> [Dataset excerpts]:
•••

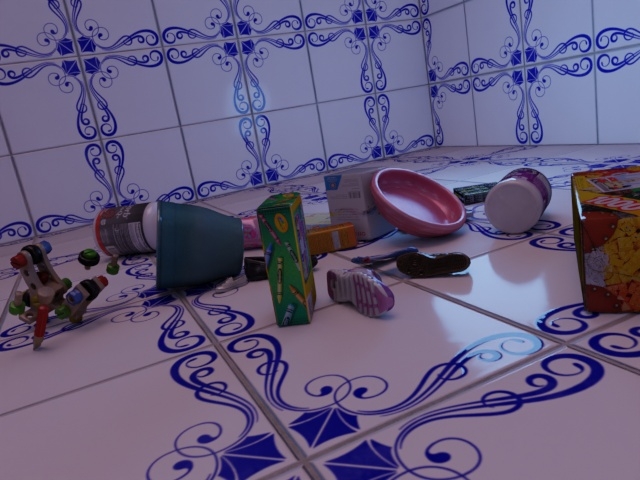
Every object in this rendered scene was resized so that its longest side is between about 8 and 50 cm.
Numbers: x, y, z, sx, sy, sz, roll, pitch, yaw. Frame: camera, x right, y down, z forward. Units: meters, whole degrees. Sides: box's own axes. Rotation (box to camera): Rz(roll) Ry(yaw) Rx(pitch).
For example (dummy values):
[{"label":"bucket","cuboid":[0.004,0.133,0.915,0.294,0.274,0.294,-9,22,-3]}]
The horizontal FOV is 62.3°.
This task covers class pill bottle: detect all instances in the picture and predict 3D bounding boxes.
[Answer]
[{"label":"pill bottle","cuboid":[0.640,-0.140,1.689,0.169,0.169,0.301,-1,16,31]},{"label":"pill bottle","cuboid":[-0.738,-0.052,2.213,0.363,0.210,0.210,-6,14,14]}]

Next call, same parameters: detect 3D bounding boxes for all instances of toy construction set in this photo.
[{"label":"toy construction set","cuboid":[-0.728,0.177,1.437,0.257,0.237,0.309,17,27,-14]}]

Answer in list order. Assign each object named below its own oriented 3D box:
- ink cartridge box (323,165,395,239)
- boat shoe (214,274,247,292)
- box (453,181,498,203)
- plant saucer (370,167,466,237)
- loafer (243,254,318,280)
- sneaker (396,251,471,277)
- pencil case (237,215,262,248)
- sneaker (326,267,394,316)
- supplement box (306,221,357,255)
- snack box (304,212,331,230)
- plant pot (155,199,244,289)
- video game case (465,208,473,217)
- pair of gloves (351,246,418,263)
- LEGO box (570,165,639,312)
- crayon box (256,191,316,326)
[{"label":"ink cartridge box","cuboid":[0.142,-0.132,1.870,0.171,0.233,0.168,2,16,42]},{"label":"boat shoe","cuboid":[-0.262,0.123,1.540,0.100,0.035,0.035,-16,15,-26]},{"label":"box","cuboid":[0.658,-0.197,2.168,0.190,0.045,0.184,-9,16,2]},{"label":"plant saucer","cuboid":[0.312,-0.117,1.743,0.332,0.084,0.332,15,35,-11]},{"label":"loafer","cuboid":[-0.120,0.066,1.580,0.223,0.078,0.076,-9,14,3]},{"label":"sneaker","cuboid":[0.294,0.064,1.374,0.188,0.066,0.071,-1,-4,25]},{"label":"pencil case","cuboid":[-0.252,-0.028,1.969,0.284,0.124,0.124,-5,14,13]},{"label":"sneaker","cuboid":[0.109,0.108,1.240,0.104,0.095,0.236,-8,11,-27]},{"label":"supplement box","cuboid":[0.000,0.000,1.767,0.233,0.080,0.078,-13,12,-5]},{"label":"snack box","cuboid":[-0.034,-0.060,2.063,0.322,0.060,0.187,0,17,34]},{"label":"plant pot","cuboid":[-0.372,0.014,1.627,0.255,0.272,0.271,1,10,-17]},{"label":"video game case","cuboid":[0.428,-0.093,1.904,0.190,0.022,0.173,-10,14,-3]},{"label":"pair of gloves","cuboid":[0.179,0.042,1.481,0.159,0.023,0.198,-9,-5,-15]},{"label":"LEGO box","cuboid":[0.746,-0.031,1.124,0.372,0.193,0.500,-4,15,24]},{"label":"crayon box","cuboid":[-0.073,0.039,1.238,0.081,0.278,0.165,-7,14,7]}]
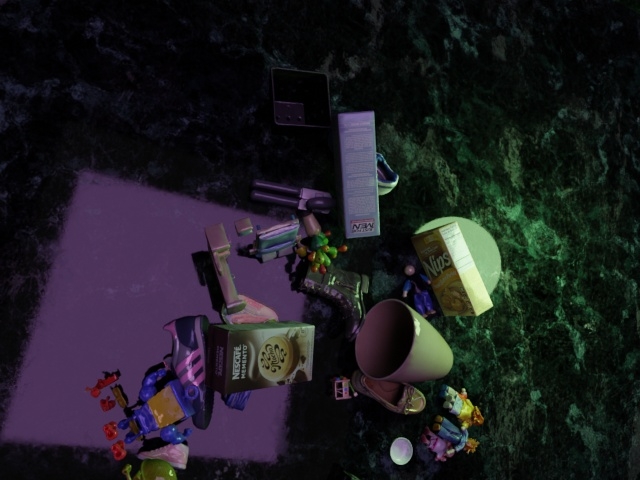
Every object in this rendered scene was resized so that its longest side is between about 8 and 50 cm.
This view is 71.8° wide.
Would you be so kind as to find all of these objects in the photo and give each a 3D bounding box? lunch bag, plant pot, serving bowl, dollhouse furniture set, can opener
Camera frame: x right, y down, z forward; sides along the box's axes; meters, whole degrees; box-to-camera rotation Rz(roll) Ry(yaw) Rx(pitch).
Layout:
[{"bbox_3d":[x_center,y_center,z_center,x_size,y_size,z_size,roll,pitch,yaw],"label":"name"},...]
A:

•••

> [Task directions]: Taking the entries above, write out exactly the lines starting with the line containing "This task covers" and going on through the line containing "- LEGO box (570,165,639,312)", both included, and nothing else.

> [Solution]:
This task covers class pill bottle: detect all instances in the picture and predict 3D bounding boxes.
[Answer]
[{"label":"pill bottle","cuboid":[0.640,-0.140,1.689,0.169,0.169,0.301,-1,16,31]},{"label":"pill bottle","cuboid":[-0.738,-0.052,2.213,0.363,0.210,0.210,-6,14,14]}]

Next call, same parameters: detect 3D bounding boxes for all instances of toy construction set in this photo.
[{"label":"toy construction set","cuboid":[-0.728,0.177,1.437,0.257,0.237,0.309,17,27,-14]}]

Answer in list order. Assign each object named below its own oriented 3D box:
- ink cartridge box (323,165,395,239)
- boat shoe (214,274,247,292)
- box (453,181,498,203)
- plant saucer (370,167,466,237)
- loafer (243,254,318,280)
- sneaker (396,251,471,277)
- pencil case (237,215,262,248)
- sneaker (326,267,394,316)
- supplement box (306,221,357,255)
- snack box (304,212,331,230)
- plant pot (155,199,244,289)
- video game case (465,208,473,217)
- pair of gloves (351,246,418,263)
- LEGO box (570,165,639,312)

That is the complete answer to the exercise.